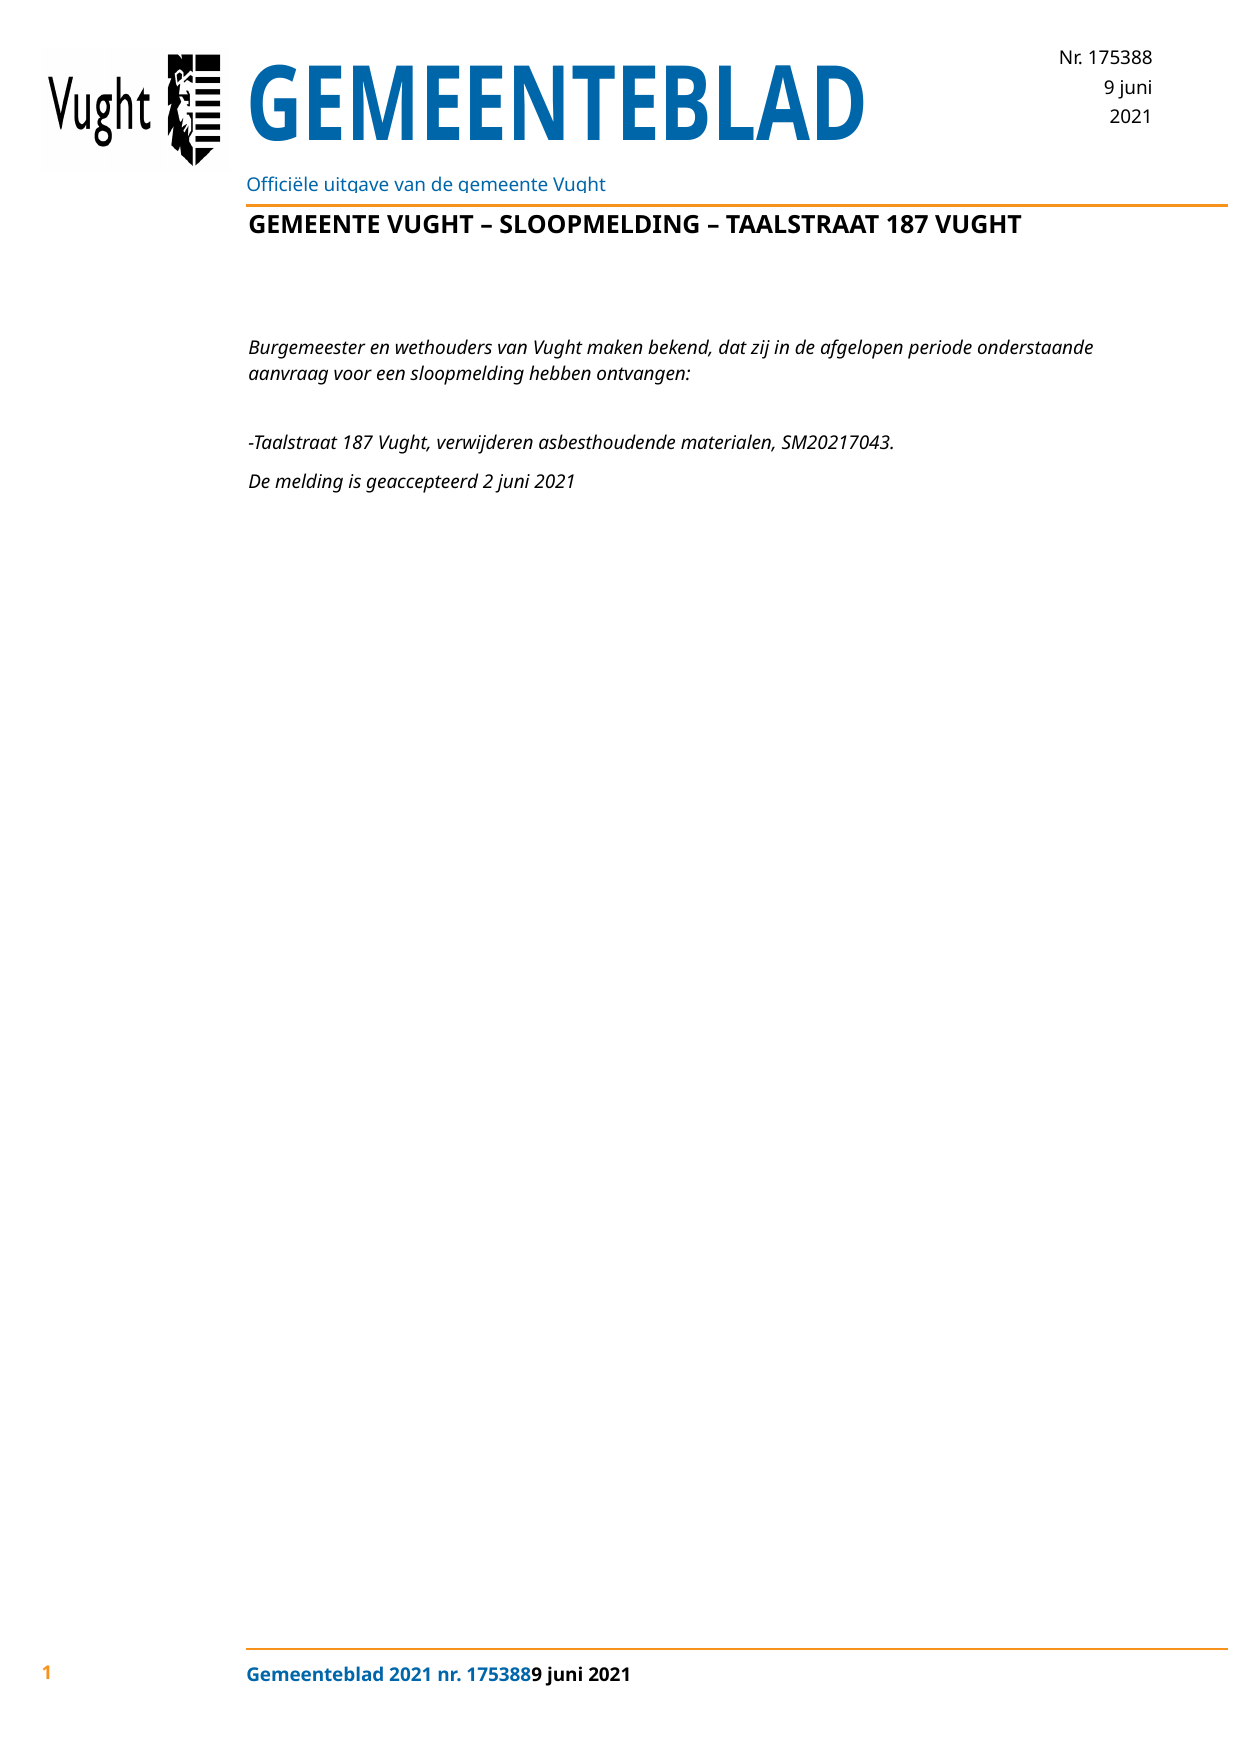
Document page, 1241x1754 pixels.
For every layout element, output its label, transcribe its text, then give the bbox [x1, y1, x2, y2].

picture [41, 47, 231, 172]
text Burgemeester en wethouders van Vught maken bekend, dat zij in de afgelopen periode onderstaande aanvraag voor een sloopmelding hebben ontvangen: [248, 334, 1152, 386]
text -Taalstraat 187 Vught, verwijderen asbesthoudende materialen, SM20217043. [248, 429, 1152, 454]
text De melding is geaccepteerd 2 juni 2021 [248, 468, 1152, 494]
text GEMEENTE VUGHT – SLOOPMELDING – TAALSTRAAT 187 VUGHT [248, 207, 1152, 241]
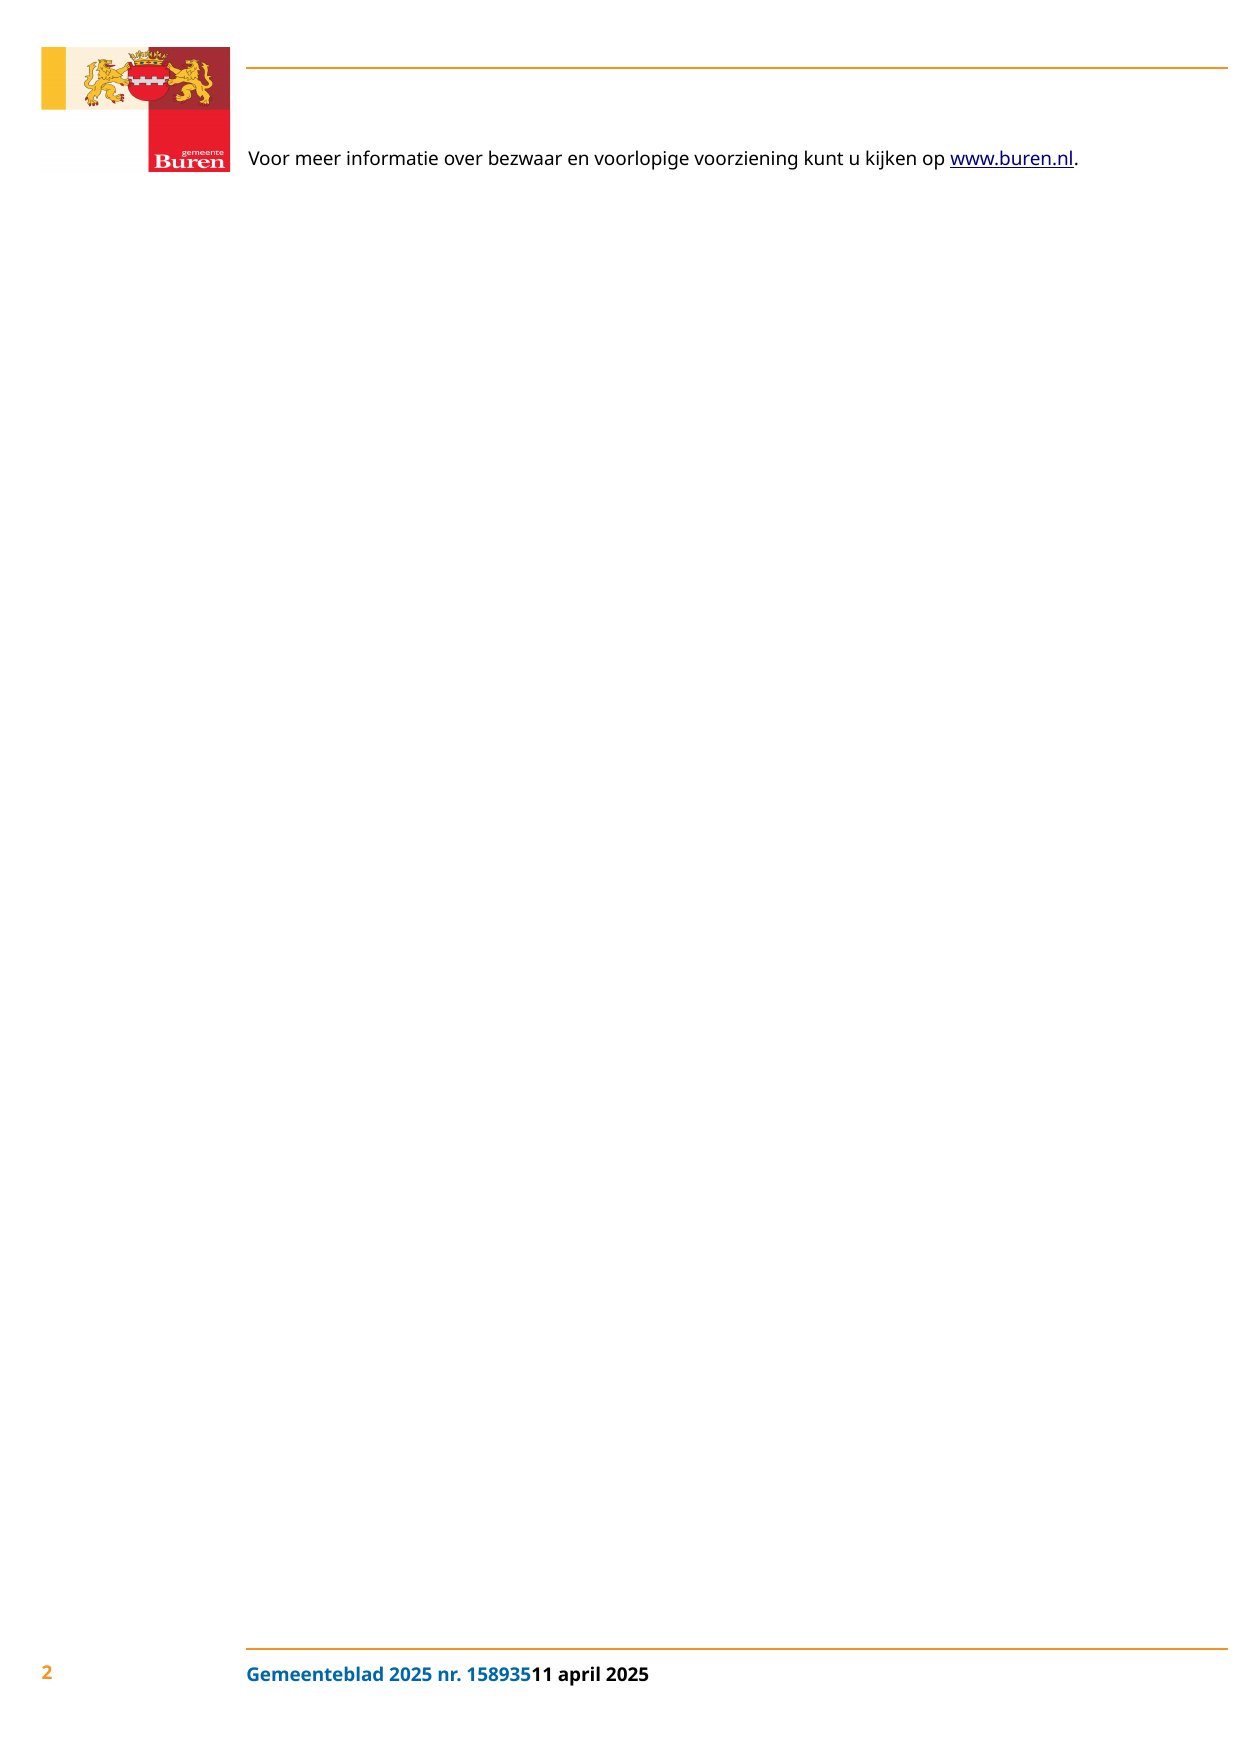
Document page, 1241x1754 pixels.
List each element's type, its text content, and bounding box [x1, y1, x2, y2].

text Voor meer informatie over bezwaar en voorlopige voorziening kunt u kijken op www.buren.nl. [248, 145, 1152, 171]
picture [41, 47, 231, 172]
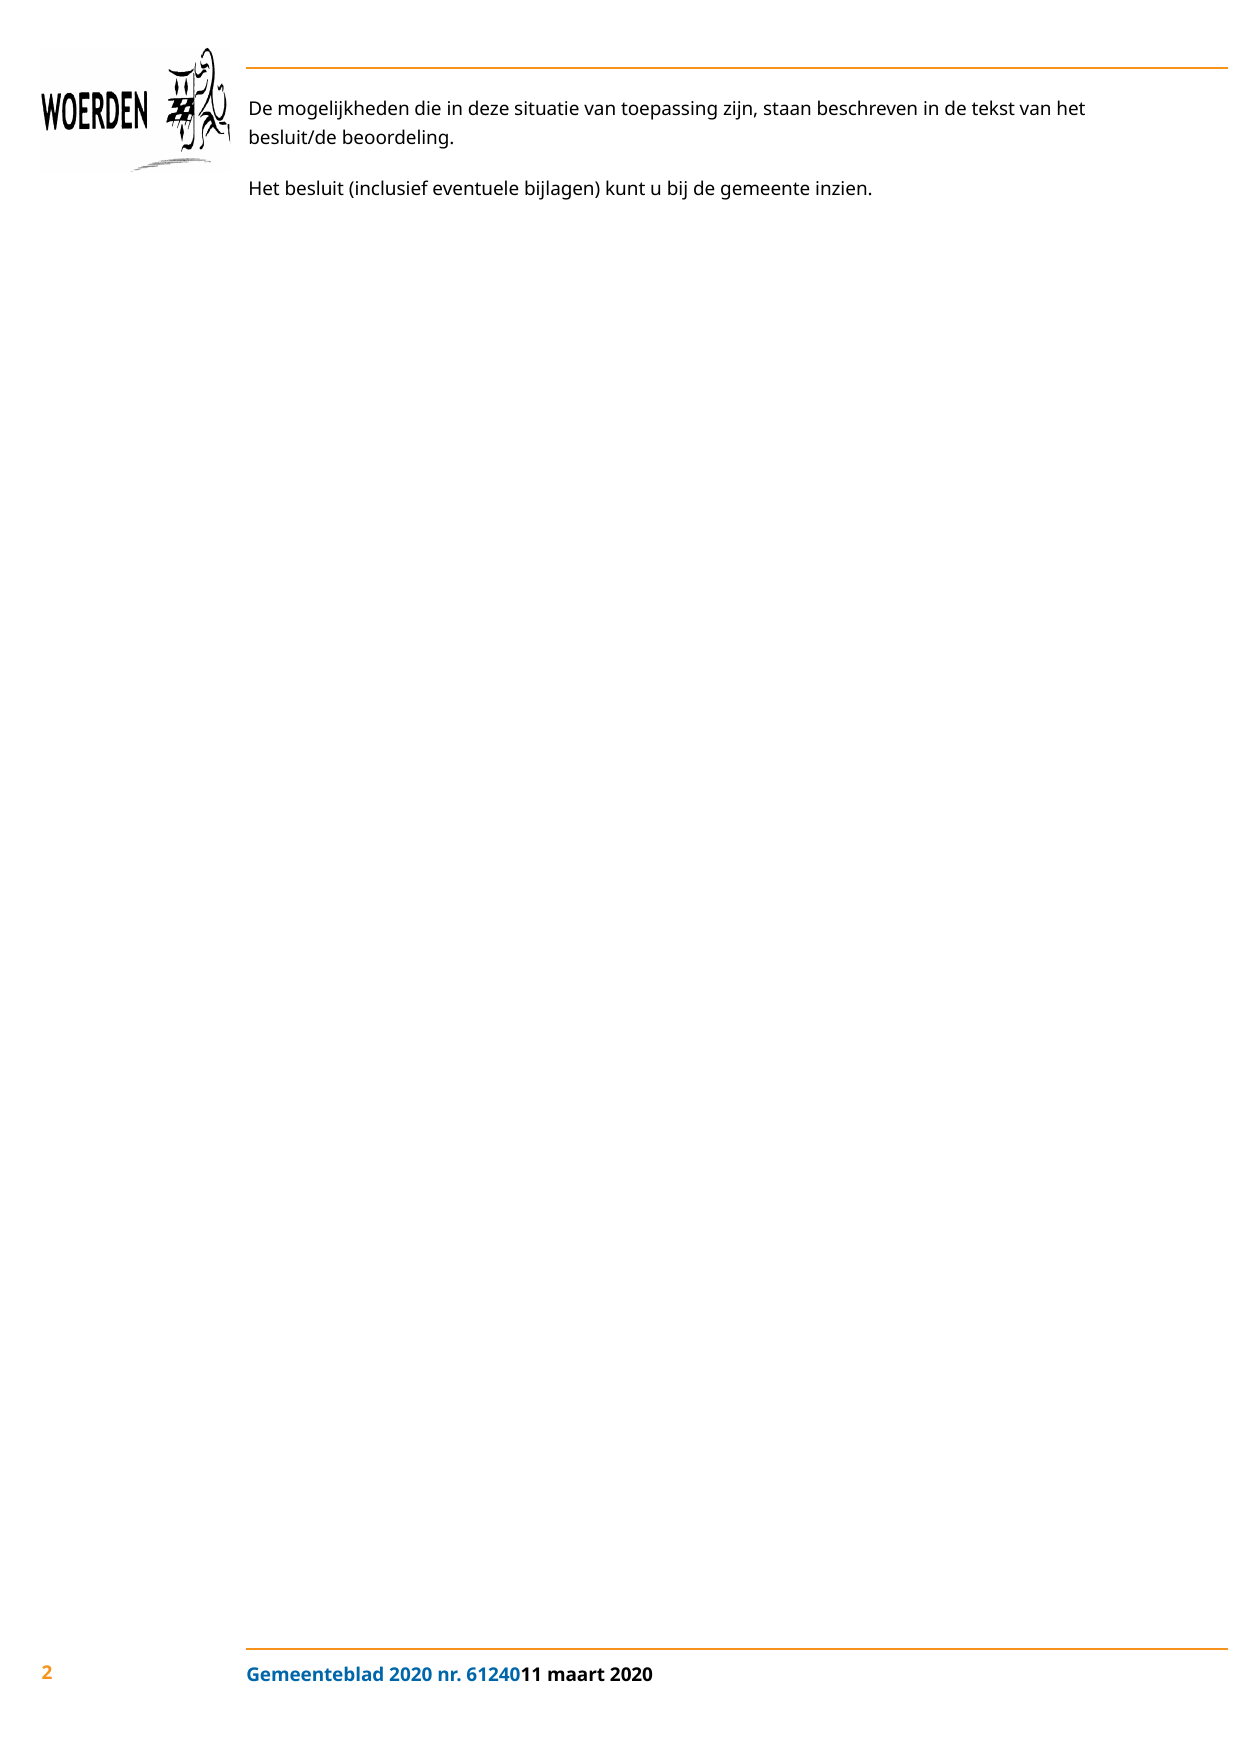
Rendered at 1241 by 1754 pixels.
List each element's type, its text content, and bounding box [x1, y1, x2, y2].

text De mogelijkheden die in deze situatie van toepassing zijn, staan beschreven in de tekst van het besluit/de beoordeling. [248, 95, 1152, 150]
text Het besluit (inclusief eventuele bijlagen) kunt u bij de gemeente inzien. [248, 175, 1152, 201]
picture [41, 47, 231, 172]
═══
* Instructions for the task
The whole listing above must be duplicated word for word, apart from its pictures.

* Answer to this problem
Document page, 1241x1754 pixels.
For every layout element, output its label, transcribe its text, then give the bbox [x1, y1, x2, y2].

picture [41, 47, 231, 172]
text Burgemeester en wethouders van Vught maken bekend, dat zij in de afgelopen periode onderstaande aanvraag voor een sloopmelding hebben ontvangen: [248, 334, 1152, 386]
text -Taalstraat 187 Vught, verwijderen asbesthoudende materialen, SM20217043. [248, 429, 1152, 454]
text De melding is geaccepteerd 2 juni 2021 [248, 468, 1152, 494]
text GEMEENTE VUGHT – SLOOPMELDING – TAALSTRAAT 187 VUGHT [248, 207, 1152, 241]
Document page, 1241x1754 pixels.
List each element's type, its text content, and bounding box [x1, y1, x2, y2].

text Voor meer informatie over bezwaar en voorlopige voorziening kunt u kijken op www.buren.nl. [248, 145, 1152, 171]
picture [41, 47, 231, 172]
Rendered at 1241 by 1754 pixels.
List each element's type, its text content, and bounding box [x1, y1, x2, y2].

text De mogelijkheden die in deze situatie van toepassing zijn, staan beschreven in de tekst van het besluit/de beoordeling. [248, 95, 1152, 150]
text Het besluit (inclusief eventuele bijlagen) kunt u bij de gemeente inzien. [248, 175, 1152, 201]
picture [41, 47, 231, 172]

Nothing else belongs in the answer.